Questo è il vero limite della nostra città: un immobilismo amministrativo che soffoca Cerveteri da troppo tempo. Una città che vive di episodi, di slanci momentanei, senza mai riuscire a trasformare le proprie potenzialità in opportunità concrete. Non si governa stando “alla finestra”, in attesa che le cose accadano. Si governa prendendo iniziativa, pianificando, investendo. Bisogna affrontare l’impegno politico con un’altra visione: lavorare per un bilancio sano e progettare una serie di interventi urbanistici, strutturali e turistici volti a rilanciare l’immagine di una città percepita all’esterno come spenta e intristita.
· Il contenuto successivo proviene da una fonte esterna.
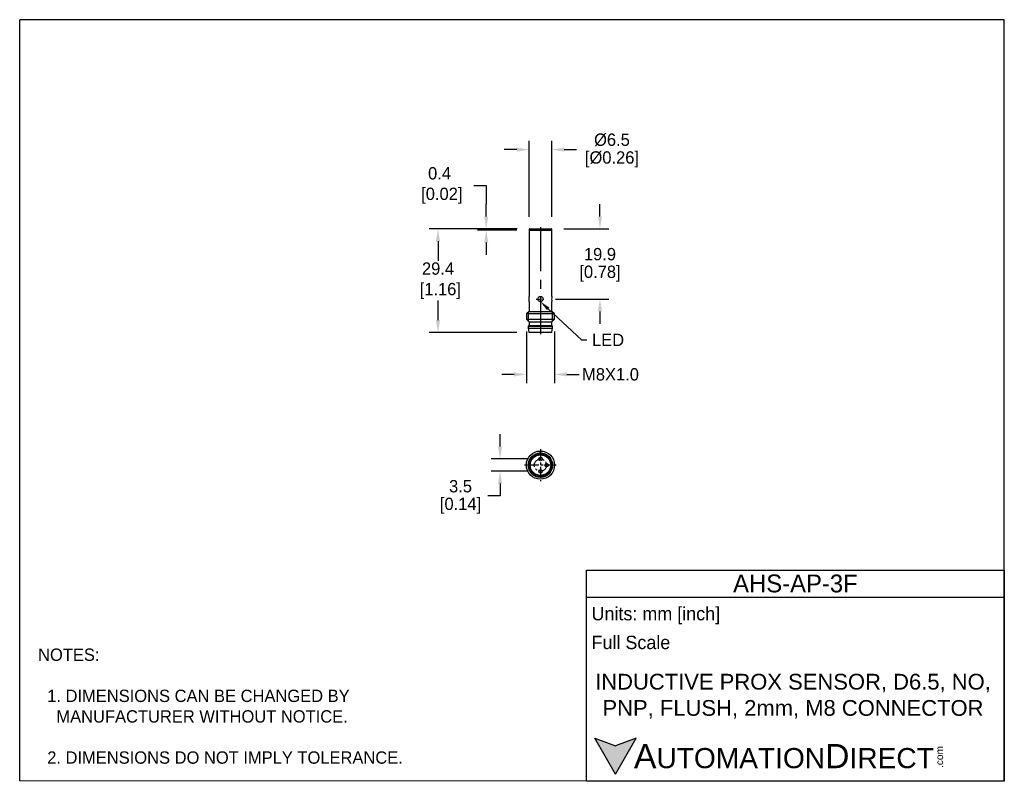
# Model space of a CAD drawing. Header units: inches. Extents: x 2319 to 2598, y 990 to 1206.
import ezdxf
from ezdxf import colors
from ezdxf.entities.mleader import LeaderData, LeaderLine
from ezdxf.math import Vec2, Vec3

# ---------------------------------------------------------------- set-up
doc = ezdxf.new("R2010")
doc.units = ezdxf.units.IN
doc.header["$LTSCALE"] = 10
doc.header["$MEASUREMENT"] = 0
doc.linetypes.add('CENTER', pattern=[2, 1.25, -0.25, 0.25, -0.25])
for name, color, linetype in [('CENTER', 40, 'CENTER'), ('DIMENSIONS', 140, 'Continuous'), ('Text', 140, 'Continuous')]:
    doc.layers.add(name, color=color, linetype=linetype)
doc.styles.add('型式1', font='txt')
doc.dimstyles.get("Standard").update_dxf_attribs({"dimtxt": 3.5, "dimasz": 3.5, "dimexe": 2.5, "dimexo": 3.5, "dimgap": 1, "dimtad": 0, "dimtih": 1, "dimtoh": 1, "dimdec": 1, "dimzin": 0, "dimdsep": 46, "dimtxsty": 'Standard', "dimcen": 0, "dimadec": 0, "dimazin": 0, "dimtfac": 1, "dimtdec": 1, "dimtofl": 0, "dimtmove": 0, "dimatfit": 3, "dimfxl": 1, "dimtolj": 1, "dimtzin": 0, "dimarcsym": 0})

# ---------------------------------------------------------------- blocks, each defined once
blk = doc.blocks.new('*D0')
at = {"layer": 'Defpoints', "color": 0, "transparency": 16777216}
for p in [(2451.47, 1145.85), (2463.61, 1145.85), (2463.71, 1146.25)]:
    blk.add_point(p, dxfattribs=at)
at = {"layer": 'DIMENSIONS', "color": 0, "lineweight": -2, "transparency": 16777216}
for p, q in [((2447.97, 1158.58), (2451.47, 1158.58)), ((2451.47, 1158.58), (2451.47, 1153.25)), ((2451.47, 1149.75), (2451.47, 1153.25)), ((2460.21, 1146.25), (2448.97, 1146.25)), ((2460.11, 1145.85), (2448.97, 1145.85)), ((2451.47, 1142.35), (2451.47, 1138.85))]:
    blk.add_line(p, q, dxfattribs=at)
at = {"layer": 'DIMENSIONS', "color": 0, "transparency": 16777216}
for points in [[(2450.89, 1149.75), (2452.05, 1149.75), (2451.47, 1146.25)], [(2450.89, 1142.35), (2452.05, 1142.35), (2451.47, 1145.85)]]:
    blk.add_solid(points, dxfattribs=at)
at = {"layer": 'DIMENSIONS', "color": 0, "transparency": 16777216, "insert": (2438.22, 1158.58), "char_height": 3.5, "attachment_point": 5}
blk.add_mtext('\\A1;0.4\\P [0.02]', dxfattribs=at)
blk = doc.blocks.new('*D1')
at = {"layer": 'Defpoints', "color": 0, "transparency": 16777216}
for p in [(2470.01, 1146.25), (2467.61, 1126.35), (2483.75, 1126.35)]:
    blk.add_point(p, dxfattribs=at)
at = {"layer": 'DIMENSIONS', "color": 0, "lineweight": -2, "transparency": 16777216}
for p, q in [((2483.75, 1149.75), (2483.75, 1153.25)), ((2473.51, 1146.25), (2486.25, 1146.25)), ((2471.11, 1126.35), (2486.25, 1126.35)), ((2483.75, 1122.85), (2483.75, 1119.35))]:
    blk.add_line(p, q, dxfattribs=at)
at = {"layer": 'DIMENSIONS', "color": 0, "transparency": 16777216}
for points in [[(2483.16, 1149.75), (2484.33, 1149.75), (2483.75, 1146.25)], [(2483.16, 1122.85), (2484.33, 1122.85), (2483.75, 1126.35)]]:
    blk.add_solid(points, dxfattribs=at)
at = {"layer": 'DIMENSIONS', "color": 0, "transparency": 16777216, "char_height": 3.5, "attachment_point": 5}
for s, insert in [('\\A1;19.9', (2483.75, 1139.05)), ('\\A1;[0.78]', (2483.75, 1133.55))]:
    blk.add_mtext(s, dxfattribs=dict(at, insert=insert))
blk = doc.blocks.new('*D2')
at = {"layer": 'Defpoints', "color": 0, "transparency": 16777216}
for p in [(2463.71, 1146.25), (2437.79, 1116.85), (2463.67, 1116.85)]:
    blk.add_point(p, dxfattribs=at)
at = {"layer": 'DIMENSIONS', "color": 0, "lineweight": -2, "transparency": 16777216}
for p, q in [((2460.21, 1146.25), (2435.29, 1146.25)), ((2437.79, 1142.75), (2437.79, 1137.22)), ((2437.79, 1120.35), (2437.79, 1125.89)), ((2460.17, 1116.85), (2435.29, 1116.85))]:
    blk.add_line(p, q, dxfattribs=at)
at = {"layer": 'DIMENSIONS', "color": 0, "transparency": 16777216}
for points in [[(2437.2, 1142.75), (2438.37, 1142.75), (2437.79, 1146.25)], [(2437.2, 1120.35), (2438.37, 1120.35), (2437.79, 1116.85)]]:
    blk.add_solid(points, dxfattribs=at)
at = {"layer": 'DIMENSIONS', "color": 0, "transparency": 16777216, "insert": (2437.79, 1131.55), "char_height": 3.5, "attachment_point": 5}
blk.add_mtext('\\A1;29.4\\P [1.16]', dxfattribs=at)
blk = doc.blocks.new('*D3')
at = {"layer": 'Defpoints', "color": 0, "transparency": 16777216}
for p in [(2470.11, 1168.73), (2463.61, 1146.15), (2470.11, 1146.15)]:
    blk.add_point(p, dxfattribs=at)
at = {"layer": 'DIMENSIONS', "color": 0, "lineweight": -2, "transparency": 16777216}
for p, q in [((2463.61, 1149.65), (2463.61, 1171.23)), ((2470.11, 1149.65), (2470.11, 1171.23)), ((2460.11, 1168.73), (2456.61, 1168.73)), ((2473.61, 1168.73), (2477.11, 1168.73))]:
    blk.add_line(p, q, dxfattribs=at)
at = {"layer": 'DIMENSIONS', "color": 0, "transparency": 16777216}
for points in [[(2460.11, 1169.31), (2460.11, 1168.14), (2463.61, 1168.73)], [(2473.61, 1169.31), (2473.61, 1168.14), (2470.11, 1168.73)]]:
    blk.add_solid(points, dxfattribs=at)
at = {"layer": 'DIMENSIONS', "color": 0, "transparency": 16777216, "char_height": 3.5, "attachment_point": 5}
for s, insert in [('\\A1;%%C6.5', (2487.15, 1171.48)), ('\\A1;[%%C0.26]', (2487.15, 1165.98))]:
    blk.add_mtext(s, dxfattribs=dict(at, insert=insert))
blk = doc.blocks.new('*D4')
at = {"layer": 'Defpoints', "color": 0, "transparency": 16777216}
for p in [(2462.86, 1120.6), (2470.86, 1120.6), (2470.86, 1104.96)]:
    blk.add_point(p, dxfattribs=at)
at = {"layer": 'DIMENSIONS', "color": 0, "lineweight": -2, "transparency": 16777216}
for p, q in [((2462.86, 1117.1), (2462.86, 1102.46)), ((2470.86, 1117.1), (2470.86, 1102.46)), ((2459.36, 1104.96), (2455.86, 1104.96)), ((2474.36, 1104.96), (2477.86, 1104.96))]:
    blk.add_line(p, q, dxfattribs=at)
at = {"layer": 'DIMENSIONS', "color": 0, "transparency": 16777216}
for points in [[(2459.36, 1105.55), (2459.36, 1104.38), (2462.86, 1104.96)], [(2474.36, 1105.55), (2474.36, 1104.38), (2470.86, 1104.96)]]:
    blk.add_solid(points, dxfattribs=at)
at = {"layer": 'DIMENSIONS', "color": 0, "transparency": 16777216, "insert": (2486.74, 1104.96), "char_height": 3.5, "attachment_point": 5}
blk.add_mtext('\\A1;M8X1.0', dxfattribs=at)
blk = doc.blocks.new('*D5')
at = {"layer": 'Defpoints', "color": 0, "transparency": 16777216}
for p in [(2466.86, 1080.97), (2455.39, 1077.47), (2466.86, 1077.47)]:
    blk.add_point(p, dxfattribs=at)
at = {"layer": 'DIMENSIONS', "color": 0, "lineweight": -2, "transparency": 16777216}
for p, q in [((2455.39, 1084.47), (2455.39, 1087.97)), ((2463.36, 1080.97), (2452.89, 1080.97)), ((2463.36, 1077.47), (2452.89, 1077.47)), ((2455.39, 1073.97), (2455.39, 1070.47)), ((2455.39, 1070.47), (2451.89, 1070.47))]:
    blk.add_line(p, q, dxfattribs=at)
at = {"layer": 'DIMENSIONS', "color": 0, "transparency": 16777216}
for points in [[(2454.81, 1084.47), (2455.98, 1084.47), (2455.39, 1080.97)], [(2454.81, 1073.97), (2455.98, 1073.97), (2455.39, 1077.47)]]:
    blk.add_solid(points, dxfattribs=at)
at = {"layer": 'DIMENSIONS', "color": 0, "transparency": 16777216, "char_height": 3.5, "attachment_point": 5}
for s, insert in [('\\A1;3.5', (2444.18, 1073.22)), ('\\A1;[0.14]', (2444.18, 1067.72))]:
    blk.add_mtext(s, dxfattribs=dict(at, insert=insert))

msp = doc.modelspace()

# ---------------------------------------------------------------- hatches: boundary and pattern name
at = {"layer": 'Text'}
msp.add_hatch(color=256, dxfattribs=at).paths.add_polyline_path([(2488.18, 991.55), (2494.06, 1001.74), (2488.18, 999.6), (2482.3, 1001.74)])

# ---------------------------------------------------------------- linework, layer by layer
for p, q in [((2463.61, 1146.15), (2463.61, 1145.85)), ((2463.66, 1145.85), (2463.61, 1145.8)), ((2463.61, 1145.85), (2470.11, 1145.85)), ((2470.11, 1145.8), (2463.61, 1145.8)), ((2463.61, 1145.8), (2463.61, 1127.1)), ((2463.71, 1146.25), (2470.01, 1146.25)), ((2470.11, 1145.8), (2470.06, 1145.85)), ((2470.11, 1145.85), (2470.11, 1146.15)), ((2470.11, 1127.1), (2470.11, 1145.8)), ((2463.61, 1125.61), (2463.61, 1122.85)), ((2470.11, 1122.85), (2470.11, 1125.6)), ((2463.61, 1122.85), (2462.86, 1122.1)), ((2470.86, 1122.1), (2462.86, 1122.1)), ((2462.86, 1122.1), (2462.86, 1120.6)), ((2462.86, 1120.6), (2470.86, 1120.6)), ((2462.86, 1120.6), (2463.61, 1119.85)), ((2463.48, 1119.99), (2463.48, 1122.72)), ((2463.61, 1122.85), (2470.11, 1122.85)), ((2470.86, 1122.1), (2470.11, 1122.85)), ((2470.11, 1119.85), (2470.86, 1120.6)), ((2470.25, 1119.99), (2470.25, 1122.72)), ((2470.86, 1120.6), (2470.86, 1122.1)), ((2463.61, 1118.85), (2463.41, 1118.6)), ((2463.41, 1118.6), (2470.31, 1118.6)), ((2463.41, 1118.6), (2463.41, 1118.1)), ((2463.41, 1118.1), (2470.31, 1118.1)), ((2463.41, 1118.1), (2463.6, 1116.93)), ((2463.61, 1119.85), (2470.11, 1119.85)), ((2463.61, 1119.85), (2463.61, 1118.85)), ((2463.61, 1118.85), (2470.11, 1118.85)), ((2470.11, 1118.85), (2470.11, 1119.85)), ((2470.31, 1118.6), (2470.11, 1118.85)), ((2470.12, 1116.93), (2470.31, 1118.1)), ((2470.31, 1118.1), (2470.31, 1118.6)), ((2463.6, 1116.93), (2470.12, 1116.93)), ((2463.6, 1116.93), (2463.67, 1116.85)), ((2470.05, 1116.85), (2463.67, 1116.85)), ((2470.05, 1116.85), (2470.12, 1116.93)), ((2466.11, 1082.38), (2466.11, 1082.04)), ((2467.61, 1082.04), (2467.61, 1082.38)), ((2464.03, 1079.97), (2463.7, 1079.97)), ((2470.02, 1079.97), (2469.69, 1079.97)), ((2463.7, 1078.47), (2464.03, 1078.47)), ((2466.11, 1076.39), (2466.11, 1076.05)), ((2467.61, 1076.05), (2467.61, 1076.39)), ((2469.69, 1078.47), (2470.02, 1078.47))]:
    msp.add_line(p, q)
for centre, radius in [((2466.86, 1126.35), 0.75), ((2466.86, 1079.22), 4), ((2466.86, 1079.22), 3.45), ((2466.86, 1079.22), 3.26), ((2466.86, 1079.22), 3.25), ((2466.86, 1079.22), 2.93), ((2466.86, 1080.97), 0.5), ((2468.61, 1079.22), 0.5), ((2466.86, 1077.47), 0.5)]:
    msp.add_circle(centre, radius)
for centre, radius, start, end in [((2463.71, 1146.15), 0.1, 90, 180), ((2470.01, 1146.15), 0.1, 0, 90), ((2460.45, 1126.35), 3.25, 346.6486, 13.3531), ((2473.28, 1126.35), 3.25, 166.6672, 193.3352), ((2466.86, 1079.22), 3.39, 165, 105)]:
    msp.add_arc(centre, radius, start, end)
at = {"layer": 'CENTER'}
for p, q in [((2466.86, 1146.75), (2466.86, 1116.35)), ((2468.61, 1079.72), (2468.61, 1078.72))]:
    msp.add_line(p, q, dxfattribs=at)
at = {"layer": 'CENTER', "ltscale": 0.125}
msp.add_line((2465.61, 1126.35), (2468.11, 1126.35), dxfattribs=at)
at = {"layer": 'CENTER', "ltscale": 0.25}
for p, q in [((2466.86, 1083.72), (2466.86, 1074.72)), ((2471.36, 1079.22), (2462.36, 1079.22))]:
    msp.add_line(p, q, dxfattribs=at)
msp.add_circle((2466.86, 1079.22), 1.75, dxfattribs=at)
at = {"layer": 'Defpoints'}
for p, q in [((2319.09, 989.69), (2319.09, 1205.59)), ((2598.49, 1205.59), (2319.09, 1205.59)), ((2598.49, 989.53), (2598.49, 1205.59)), ((2598.49, 989.53), (2319.09, 989.69))]:
    msp.add_line(p, q, dxfattribs=at)
at = {"layer": 'Text'}
for p, q in [((2479.93, 1049.43), (2598.49, 1049.43)), ((2479.93, 989.53), (2479.93, 1049.43)), ((2598.49, 1049.43), (2598.49, 989.53)), ((2479.93, 1041.81), (2598.49, 1041.81)), ((2488.18, 991.55), (2482.3, 1001.74)), ((2482.3, 1001.74), (2488.18, 999.6)), ((2488.18, 991.55), (2494.06, 1001.74)), ((2494.06, 1001.74), (2488.18, 999.6)), ((2598.49, 989.53), (2479.93, 989.53))]:
    msp.add_line(p, q, dxfattribs=at)

# ---------------------------------------------------------------- texts
at = {"layer": 'Text', "style": '型式1'}
for s, insert, char_height, width, attachment_point in [('{\\fAR MingtiM BIG-5|b0|i0|c136|p49;\\H1.1078x;AHS-\\fAR MingtiM BIG-5|b0|i0|c0|p49;AP-3\\fAR MingtiM BIG-5|b0|i0|c136|p49;F}', (2539.21, 1045.62), 4.56969, 118.5516, 5), ('{\\fArial|b0|i0|c0|p34;     \\H1.2x;A\\H0.8333x;UTOMATION\\H1.2x;D\\H0.8333x;IRECT}', (2482.3, 996.64), 5.7121, 96.9349, 4)]:
    msp.add_mtext(s, dxfattribs=dict(at, insert=insert, char_height=char_height, width=width, attachment_point=attachment_point))
at = {"layer": 'Text'}
for s, insert, char_height, width, attachment_point in [(' Units: mm [inch]', (2479.93, 1036.52), 3.8081, 136.7872, 4), (' Full Scale', (2479.93, 1028.9), 3.8081, 136.4157, 4), ('{\\fArial|b0|i0|c0|p34;INDUCTIVE PROX SENSOR, D6.5, NO, PNP, FLUSH, 2mm, M8 CONNECTOR}', (2538.52, 1013.65), 4.4648, 118.7866, 5)]:
    msp.add_mtext(s, dxfattribs=dict(at, insert=insert, char_height=char_height, width=width, attachment_point=attachment_point))
at = {"layer": 'Text', "insert": (2324.3, 1027.19), "char_height": 3.5, "attachment_point": 1}
msp.add_mtext_dynamic_manual_height_columns('NOTES:\\P\\P  1. DIMENSIONS CAN BE CHANGED BY      \\P    MANUFACTURER WITHOUT NOTICE.\\P\\P  2. DIMENSIONS DO NOT IMPLY TOLERANCE.', width=190.8823, gutter_width=1, heights=[0], dxfattribs=at)
at = {"layer": 'Text', "insert": (2579.06, 993.3), "char_height": 2.0564, "width": 6.0937, "attachment_point": 1, "rotation": 90, "style": '型式1'}
msp.add_mtext('{\\fArial|b0|i0|c0|p34;.com}', dxfattribs=at)

# ---------------------------------------------------------------- dimensions: what is measured, and where the dimension line sits
at = {"layer": 'DIMENSIONS'}
dim = msp.add_linear_dim(base=(2470.11, 1168.73), p1=(2463.61, 1146.15), p2=(2470.11, 1146.15), dimstyle='Standard', override={"dimpost": '%%C<>\\X'}, dxfattribs=at)
dim.commit()
dim.dimension.update_dxf_attribs({"geometry": '*D3', "text_midpoint": (2487.15, 1168.73)})
for base, p2, override, picture, middle in [((2451.47, 1145.85), (2463.61, 1145.85), {"dimpost": '\\X', "dimtmove": 1}, '*D0', (2443.74, 1158.58)), ((2437.79, 1116.85), (2463.67, 1116.85), {"dimpost": '\\X'}, '*D2', (2437.79, 1131.55))]:
    dim = msp.add_linear_dim(base=base, p1=(2463.71, 1146.25), p2=p2, angle=90, dimstyle='Standard', override=override, dxfattribs=at)
    dim.commit()
    dim.dimension.update_dxf_attribs({"geometry": picture, "text_midpoint": middle, "dimtype": 160})
for base, p1, p2, picture, middle in [((2483.75, 1126.35), (2470.01, 1146.25), (2467.61, 1126.35), '*D1', (2483.75, 1136.3)), ((2455.39, 1077.47), (2466.86, 1080.97), (2466.86, 1077.47), '*D5', (2444.18, 1070.47))]:
    dim = msp.add_linear_dim(base=base, p1=p1, p2=p2, angle=90, dimstyle='Standard', override={"dimpost": '\\X'}, dxfattribs=at)
    dim.commit()
    dim.dimension.update_dxf_attribs({"geometry": picture, "text_midpoint": middle})
dim = msp.add_linear_dim(base=(2470.86, 1104.96), p1=(2462.86, 1120.6), p2=(2470.86, 1120.6), text='M8X1.0', dimstyle='Standard', override={"dimpost": '\\X'}, dxfattribs=at)
dim.commit()
dim.dimension.update_dxf_attribs({"geometry": '*D4', "text_midpoint": (2486.74, 1104.96)})

# ---------------------------------------------------------------- leaders
at = {"layer": 'Text'}
ml = msp.add_multileader_mtext('Standard', dxfattribs=at)
ml.set_content('LED', color=256)
ml.set_leader_properties()
ml.build(insert=Vec2(0, 0))
ml.multileader.update_dxf_attribs({"text_right_attachment_type": 6, "dogleg_length": 1.5, "arrow_head_size": 3})
ctx = ml.context
ctx.base_point, ctx.char_height, ctx.arrow_head_size, ctx.landing_gap_size, ctx.plane_origin = Vec3(2479.99, 1114.76), 3.5, 3, 1.5, Vec3(2466.86, 1125.4)
ctx.right_attachment = 6
notes = []
notes.append((ctx, [(0, (1, 1, 0), (2478.49, 1114.76), (1, 0), 1.5, [(0, [(2466.86, 1125.6)], 0, [])])]))
ctx.mtext.insert, ctx.mtext.flow_direction = Vec3(2481.49, 1116.51), 5
for ctx, leaders in notes:
    for number, flags, end, landing, length, lines in leaders:
        leader = LeaderData()
        leader.index, (leader.has_last_leader_line, leader.has_dogleg_vector, leader.attachment_direction) = number, flags
        leader.last_leader_point, leader.dogleg_vector, leader.dogleg_length = Vec3(end), Vec3(landing), length
        for number, points, colour, breaks in lines:
            line = LeaderLine()
            line.index, line.vertices, line.color, line.breaks = number, Vec3.list(points), colors.encode_raw_color(colour), breaks
            leader.lines.append(line)
        ctx.leaders.append(leader)

doc.saveas('drawing.dxf')

Basta guardarsi intorno: da oltre vent’anni non vediamo un cantiere significativo per opere pubbliche o riqualificazione urbana. L’edilizia è ferma agli anni Ottanta, l’agricoltura – un tempo eccellenza assoluta del nostro territorio – è stata penalizzata da politiche sbagliate e da atteggiamenti miopi, mentre il commercio locale vive un declino costante. Eppure, nonostante queste evidenze, chi amministra continua a lodarsi e incensarsi, in un esercizio di autocompiacimento distante anni luce dalla realtà. Aggiudicarsi i fondi per costruire un Palazzo dello Sport è un risultato eccezionale per la città, ma adesso bisogna avere la capacità non solo di metterlo in piedi, ma anche di organizzare un progetto che faccia di questo palazzo un’opportunità. Solo allora si può parlare di visione.
Il vero dramma è che Cerveteri possiede tutte le carte in regola per essere protagonista: un patrimonio storico e culturale unico, riconosciuto dall’UNESCO, un paesaggio naturale straordinario, una tradizione agricola che meriterebbe ben altro sostegno e valorizzazione. E invece la città resta ferma, incapace di trasformare la sua bellezza in motore di sviluppo, prigioniera di un’amministrazione che non riesce – o non vuole – imprimere una direzione chiara. Cerveteri ha bisogno di un cambio di marcia immediato. Serve un progetto di marketing territoriale serio, che sappia collocare la città nel panorama turistico nazionale e internazionale, che dia nuova linfa al commercio, che rimetta in moto l’edilizia con interventi di rigenerazione urbana, che restituisca dignità e futuro alla nostra agricoltura. Non bastano le feste, non bastano le foto di rito, non bastano le parole vuote.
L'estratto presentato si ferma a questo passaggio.